You missed my point completely. You also missed the topic of this thread. I'll start from scratch here.

You grew up watching TV, talking on the phone, sleeping in a house that's warm in the winter and cold in the summer, with lights, flowing water, and some toys, as well as nice clothes. Therefore, because your whole life you've known this as a norm, you value yourself as being worth enough money to afford that.

This is easily proven. Someone who grew up in a poor environment will more easily accept living in the projects than someone who grew up in a rich aristocratic family, if such a person would accept it at all, wouldn't you say? Then my theory is proven. It's not really something that is necessarily against your beliefs, why are you arguing against it?

Well, when a country is more "developed", workers have higher "moral-historical needs" than they do in an underdeveloped country, where people are accustomed to living at an underdeveloped level.

This is why the bourgeoisie takes advantage of underdeveloped labour. Plain and simple. You can justify this, in your own way, by claiming it is somehow not exploitation, but the fact remains that it is done.


I see people working for $0 dollars in America. I also see people PAYING to work. Its called internships. While you'll no doubt find something to say these aren't jobs, I figured I'd mention it. And no, in America you see 19% black youth unemployment because of a minimum wage laws that causes unemployment for some and boosts wages of others.

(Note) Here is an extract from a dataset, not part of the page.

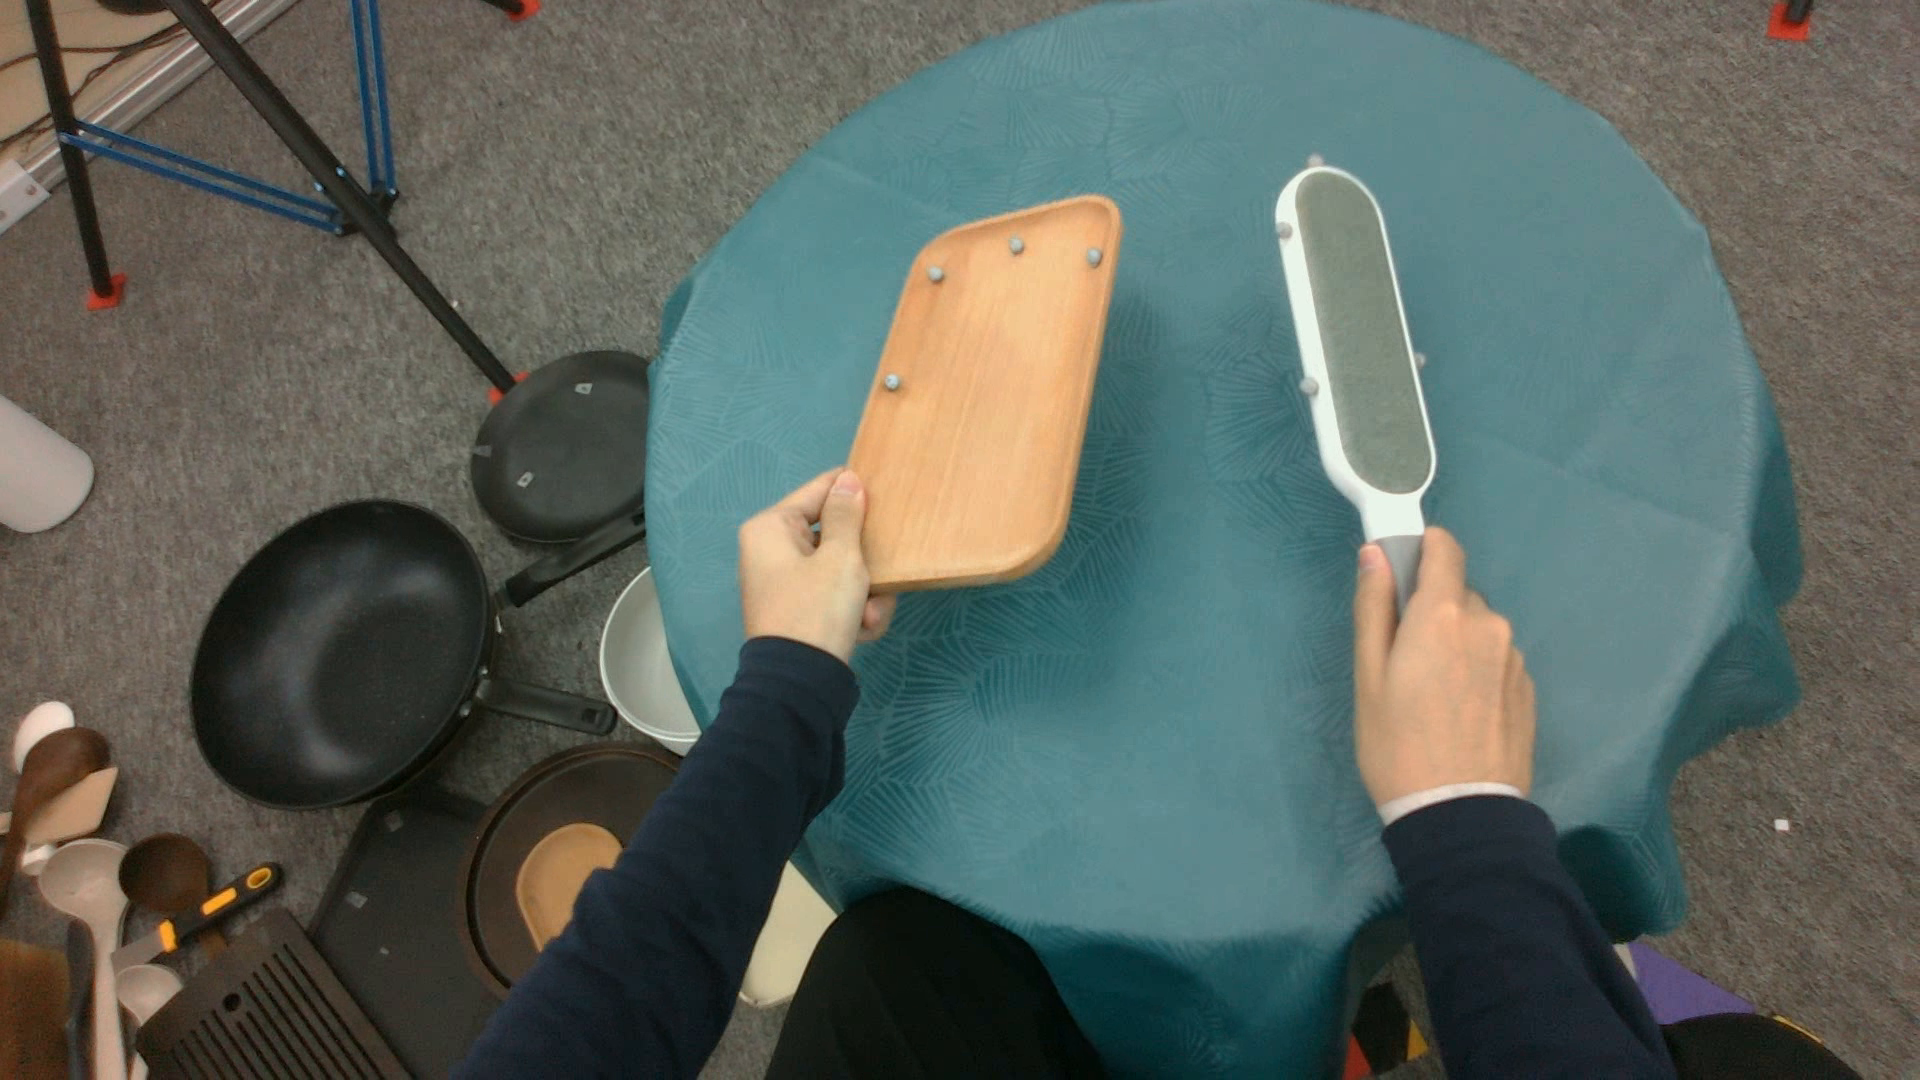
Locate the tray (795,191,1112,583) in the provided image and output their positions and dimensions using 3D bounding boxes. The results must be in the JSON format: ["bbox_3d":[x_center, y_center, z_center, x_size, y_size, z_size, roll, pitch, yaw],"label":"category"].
[{"bbox_3d":[0.002,-0.083,0.697,0.130,0.023,0.252,-6,51,29],"label":"tray"}]

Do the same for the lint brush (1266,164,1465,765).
[{"bbox_3d":[0.194,-0.047,0.656,0.060,0.021,0.309,3,68,-24],"label":"lint brush"}]

An internship isn't unpaid labour. It just isn't paid in dollars and cents. It's paid in the form of a service rendered (training, for example) and the promise of more money (jobs which require an internship are usually high paying). Payment isn't always in money, money is just a commodity and payment can take the form of any commodity (which can include a service).



And the reason that American workers can consistently do this is because they are, on average, much more productive. IF I think that I"m worth a huge house, a Mercedes Benz, an Alienware computer, and countless other amenities this does NOTHING to my wage. I cannot be paid more than I am productive, except where someone has made a mistake of my productivity. And I tell you this with certainty that the reason wages in America are so high is not because of systematic mistakes of capitalists in calculating wages.

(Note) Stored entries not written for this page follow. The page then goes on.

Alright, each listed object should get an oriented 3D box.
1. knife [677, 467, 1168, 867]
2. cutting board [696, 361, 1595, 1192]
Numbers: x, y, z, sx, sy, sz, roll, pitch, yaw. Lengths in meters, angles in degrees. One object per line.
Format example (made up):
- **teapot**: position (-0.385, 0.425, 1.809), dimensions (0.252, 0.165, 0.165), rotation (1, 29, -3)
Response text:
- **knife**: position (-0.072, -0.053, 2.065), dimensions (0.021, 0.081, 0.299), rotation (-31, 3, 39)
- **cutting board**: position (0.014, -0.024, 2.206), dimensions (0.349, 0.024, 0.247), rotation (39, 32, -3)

You misunderstand, I'm not referring to individual self-worth. I'm referring to collectively, a rough minimum standard set by the working class for itself. There came a point when the working class decided it was worth enough to own a car. There came a point when the working class decided it was worth a phone and a TV. This wasn't always standard.

Americans aren't just "more productive" than Third Worlders. If anything, the opposite is true. It's just historical-moral values.


I don't believe in the LTV, so I think if someone wants to sell his labor, he is not being exploited.

And... once again, you like so many others before you have no idea what you're talking about. The labour theory of value was Marx's analysis of Capitalism's method of socially recognizing labour. In theory, something is only worth as much as it takes to produce under Capitalism (this is something's intrinsic value, in Capitalist terms). Marx argued against the LTV, because he objected to the concept of value in itself.

All of this is pointless anyway. This argument was against Maoism-Third-Worldism, not Capitalism, this argument has nothing to do with anti-Capitalism, so I don't know why you're arguing with us about it. You're on the wrong thread. So, why don't you go start your own thread, and I'll wait to see if a Maoist-Third-Worldist will actually respond (it's doubtful, they seem to have shied away, but one can hope) to my earlier posts.